Research of Data Analysis and Pre-selection Algorithm for Support Vector Machine Speech Recognition
|School||Taiyuan University of Technology|
|Course||Information and Communication Engineering|
|Keywords||speech recognition support vector machine kernel matrix principal component analysis support vector pre-selection|
With the development of the basic scientific theory, artificial intelligence technology has improved continuously, and it will be the very big application space. Based on artificial intelligence algorithm of speech recognition technology is gradually mature.Recognition system become more and more powerful, which can realize the man-machine interaction, voice control, etc.Support vector machine (SVM) is a kind of recognition algorithm based on statistics,which overcomes the training set sample number less, linear inseparable, dimension disaster, and the most superior local problems.Generalization ability and accurate classification ability of this algorithm is much better than others.It is suitable for speech recognition system.Support vector machine has solved the less number of data samples problem,but in the process of training support vector machine will run a lot of matrix operation and take up a plenty of storage of nuclear matrix, for this reason leading to the phenomenon of long training time.

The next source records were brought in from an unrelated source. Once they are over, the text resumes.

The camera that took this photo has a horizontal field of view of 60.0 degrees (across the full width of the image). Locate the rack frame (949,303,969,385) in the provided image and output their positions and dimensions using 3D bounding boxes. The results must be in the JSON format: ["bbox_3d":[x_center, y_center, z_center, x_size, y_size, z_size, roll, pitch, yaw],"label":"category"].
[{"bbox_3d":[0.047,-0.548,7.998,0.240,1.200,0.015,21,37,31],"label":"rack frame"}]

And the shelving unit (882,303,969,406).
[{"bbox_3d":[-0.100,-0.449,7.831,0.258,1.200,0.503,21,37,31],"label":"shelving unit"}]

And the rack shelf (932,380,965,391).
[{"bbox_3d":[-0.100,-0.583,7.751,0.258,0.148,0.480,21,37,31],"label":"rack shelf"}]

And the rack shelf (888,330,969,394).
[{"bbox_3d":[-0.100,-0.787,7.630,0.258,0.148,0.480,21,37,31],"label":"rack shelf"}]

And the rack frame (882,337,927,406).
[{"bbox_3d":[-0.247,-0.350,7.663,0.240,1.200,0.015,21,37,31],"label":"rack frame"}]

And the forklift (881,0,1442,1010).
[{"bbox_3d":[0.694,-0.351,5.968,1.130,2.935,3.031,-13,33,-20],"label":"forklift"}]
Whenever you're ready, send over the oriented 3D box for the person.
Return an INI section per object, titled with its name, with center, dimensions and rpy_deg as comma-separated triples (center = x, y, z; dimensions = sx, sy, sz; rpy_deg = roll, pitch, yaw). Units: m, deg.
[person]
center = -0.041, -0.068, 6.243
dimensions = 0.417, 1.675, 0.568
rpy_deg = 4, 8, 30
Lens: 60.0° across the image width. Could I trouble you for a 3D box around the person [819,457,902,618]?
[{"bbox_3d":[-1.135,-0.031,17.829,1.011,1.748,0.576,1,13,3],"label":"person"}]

The purpose of this research is to reduce the training time of support vector machine,in the conditon of the large amount of data.With this purpose, the article uses principal component analysis to deal with MFCC of speech data,from the dimension of input speech data aspect,and enture the recognition accuracy of the speech recognition system not falling,through eigenvalue contribution, in order to significantly reduce the training time of support vector machine. In addition,because only support vectors contribute to the trained model of decision-making function, grouping training pre-selection algorithm is presented from the perspective of data selection and training method.Through this method we can reduce the redundant portion of training data and reduce the number of training data,so that the training time of the speech recogniton system is reduced.At last, under large sample data set the experiment verifies that the speech samples in different size, different SNR under applying principal component analysis into MFCC and group training pre-selected algorithms support vector machine training can shorten the time,which confirm the effectiveness of the two methods proposed in this paper.